Femur surgeries jumped out at him as one area where the robot could make an impact. The first femur operation he shadowed involved a two-year-old boy who had broken his leg falling off a Ferris wheel. The surgeon told him that the surgery would probably be easier than most, yet it still took two hours and required the help of multiple nurses. Reducing even a fraction of the labor, time, and radiation for this procedure would improve the operation dramatically, he decided.
With a mechanism design and a targeted application, Abedin-Nasab and his students began prototyping. The first version of Robossis featured two C-shaped rings connected by three legs, with both a rotary and a linear actuator controlling the motion of each leg. They tested the device by aligning model femur bones tethered to thick elastic bands simulating thigh muscles.

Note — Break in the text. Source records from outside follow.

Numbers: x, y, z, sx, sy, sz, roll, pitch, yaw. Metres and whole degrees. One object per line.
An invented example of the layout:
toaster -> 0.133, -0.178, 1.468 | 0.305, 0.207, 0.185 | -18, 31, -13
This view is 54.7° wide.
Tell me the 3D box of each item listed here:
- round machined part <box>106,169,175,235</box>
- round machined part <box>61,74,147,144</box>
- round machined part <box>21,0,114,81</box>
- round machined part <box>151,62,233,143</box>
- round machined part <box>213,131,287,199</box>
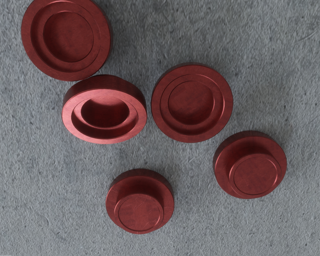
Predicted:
round machined part -> -0.028, 0.111, 0.441 | 0.099, 0.042, 0.097 | 0, 110, 0
round machined part -> -0.066, -0.026, 0.376 | 0.099, 0.042, 0.097 | -5, 140, -4
round machined part -> -0.103, -0.106, 0.360 | 0.099, 0.042, 0.097 | 0, 110, 0
round machined part -> 0.038, -0.034, 0.388 | 0.099, 0.042, 0.097 | 0, 110, 0
round machined part -> 0.124, 0.056, 0.422 | 0.099, 0.042, 0.097 | 0, 110, 0
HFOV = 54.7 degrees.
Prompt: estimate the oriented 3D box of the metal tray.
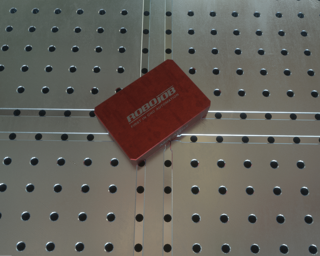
[{"bbox_3d":[-0.009,-0.023,0.418,0.131,0.030,0.090,-36,74,-13],"label":"metal tray"}]
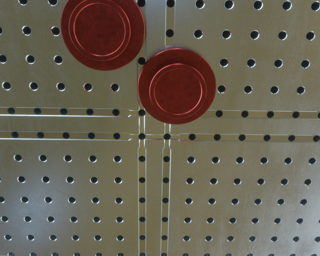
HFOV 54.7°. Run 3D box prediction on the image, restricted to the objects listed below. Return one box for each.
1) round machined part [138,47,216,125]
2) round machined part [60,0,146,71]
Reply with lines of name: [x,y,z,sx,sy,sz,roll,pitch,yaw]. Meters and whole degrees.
round machined part: [0.021,-0.049,0.387,0.099,0.042,0.097,0,110,-1]
round machined part: [-0.067,-0.115,0.361,0.099,0.042,0.097,0,110,-1]
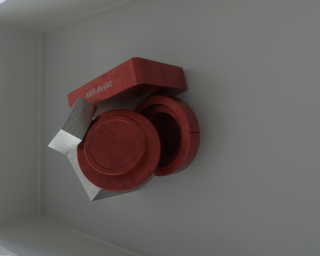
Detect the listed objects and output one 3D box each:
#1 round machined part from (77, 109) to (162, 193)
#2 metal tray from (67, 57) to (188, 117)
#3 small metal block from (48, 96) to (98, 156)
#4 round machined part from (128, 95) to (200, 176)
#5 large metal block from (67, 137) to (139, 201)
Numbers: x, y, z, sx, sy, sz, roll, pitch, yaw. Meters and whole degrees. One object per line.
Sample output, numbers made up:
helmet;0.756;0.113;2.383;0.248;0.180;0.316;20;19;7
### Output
round machined part;-0.048;0.023;0.356;0.099;0.042;0.098;-1;72;4
metal tray;-0.043;-0.045;0.395;0.130;0.091;0.030;-19;79;38
small metal block;-0.103;-0.002;0.367;0.050;0.025;0.050;-37;28;47
round machined part;0.009;0.009;0.386;0.098;0.042;0.097;0;90;39
large metal block;-0.067;0.045;0.423;0.050;0.081;0.080;-51;60;27
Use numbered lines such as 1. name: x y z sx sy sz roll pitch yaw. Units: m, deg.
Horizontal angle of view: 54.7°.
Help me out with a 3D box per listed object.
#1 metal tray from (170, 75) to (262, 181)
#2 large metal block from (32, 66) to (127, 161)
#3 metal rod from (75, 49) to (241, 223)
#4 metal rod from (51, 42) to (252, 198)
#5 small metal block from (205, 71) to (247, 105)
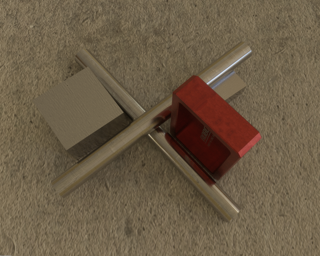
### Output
1. metal tray: 0.054 0.007 0.351 0.030 0.130 0.090 -41 75 -13
2. large metal block: -0.100 -0.018 0.400 0.080 0.050 0.080 -35 74 -12
3. metal rod: -0.012 0.000 0.409 0.025 0.025 0.300 -40 75 -13
4. metal rod: -0.001 -0.018 0.389 0.301 0.025 0.025 -37 75 -13
5. small metal block: 0.083 -0.059 0.432 0.050 0.025 0.050 -34 74 -12

The first prototype could overcome 200 N of resistance from the elastic bands, but only with motion errors.
After investigation, it became clear that most of the error arose from a single source: the universal joint between the leg and the moving ring. Machining tighter joints brought the new prototype’s maximum motion error down to one percent, so that it mapped a specified trajectory to within about a millimeter. The second prototype’s rings now span three-quarters of a circle, enabling Abedin-Nassab to position the legs farther apart from each other for more stability.

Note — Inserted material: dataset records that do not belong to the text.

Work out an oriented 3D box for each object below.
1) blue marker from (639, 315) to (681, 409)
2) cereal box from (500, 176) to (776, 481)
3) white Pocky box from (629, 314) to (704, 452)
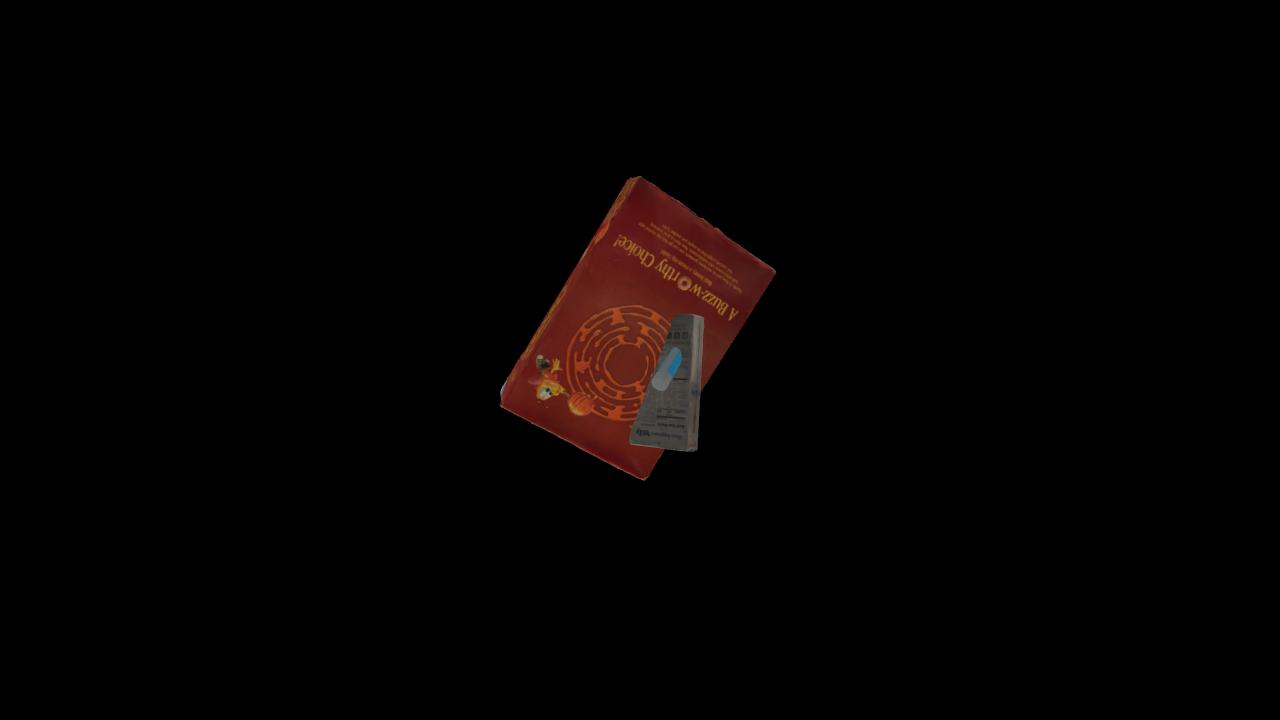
[{"bbox_3d":[0.046,-0.012,0.704,0.020,0.020,0.121,0,40,34],"label":"blue marker"},{"bbox_3d":[-0.005,-0.032,0.737,0.203,0.306,0.081,30,6,-17],"label":"cereal box"},{"bbox_3d":[0.031,0.025,0.714,0.084,0.154,0.028,1,-5,38],"label":"white Pocky box"}]
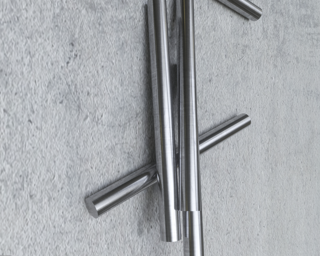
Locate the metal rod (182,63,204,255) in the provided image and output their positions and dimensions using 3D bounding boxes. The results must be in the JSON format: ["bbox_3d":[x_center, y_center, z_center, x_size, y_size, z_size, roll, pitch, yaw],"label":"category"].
[{"bbox_3d":[0.039,0.053,0.400,0.025,0.025,0.299,11,72,-40],"label":"metal rod"}]

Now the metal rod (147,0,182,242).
[{"bbox_3d":[0.004,-0.016,0.385,0.025,0.025,0.298,2,82,-40],"label":"metal rod"}]

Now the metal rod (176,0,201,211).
[{"bbox_3d":[0.035,-0.048,0.398,0.025,0.025,0.299,11,72,-40],"label":"metal rod"}]

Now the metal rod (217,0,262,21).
[{"bbox_3d":[0.054,-0.219,0.448,0.302,0.025,0.025,9,84,-40],"label":"metal rod"}]

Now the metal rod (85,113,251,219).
[{"bbox_3d":[0.034,0.038,0.432,0.302,0.025,0.025,-25,106,-37],"label":"metal rod"}]

To complement the physical device, Abedin-Nassab and his team are developing software to plan a path for bone positioning, informing a surgeon’s choices. The software starts after surgeons take two orthogonal X-rays of the broken bone. For patients with a single broken bone, the software uses an image of the unbroken femur in the other leg as a template to determine optimal alignment of the fracture.
For more complex fractures or fractures of both legs, the software will compare the images of the broken bones with a library of bone shapes to find a template to guide reconstruction. The software will also identify landmarks, such as the center of the hip’s ball-and-socket joint and the direction of the femur shaft, and use them to calculate how the robot should rotate and move the broken fragments to achieve the proper alignment.
Abedin-Nasab and his students continue to improve the robot. They have interviewed dozens of patients who have had broken femurs, and they hope to get input from surgeons as well. Next, they will tackle cadaver testing of the mechanism, and improve the ability of the software to assist physicians with aligning bone fragments. Eventually, they hope to develop a fully functioning device that receives FDA approval.
Abedin-Nasab points out that Robossis is not intended to replace surgeons. Its role will be to assist surgeons, who will still need to insert the nail that joins bone fragments. Yet he is hopeful that one day, this technology will join the ranks of robots making surgeries faster and safer for patients and surgeons alike.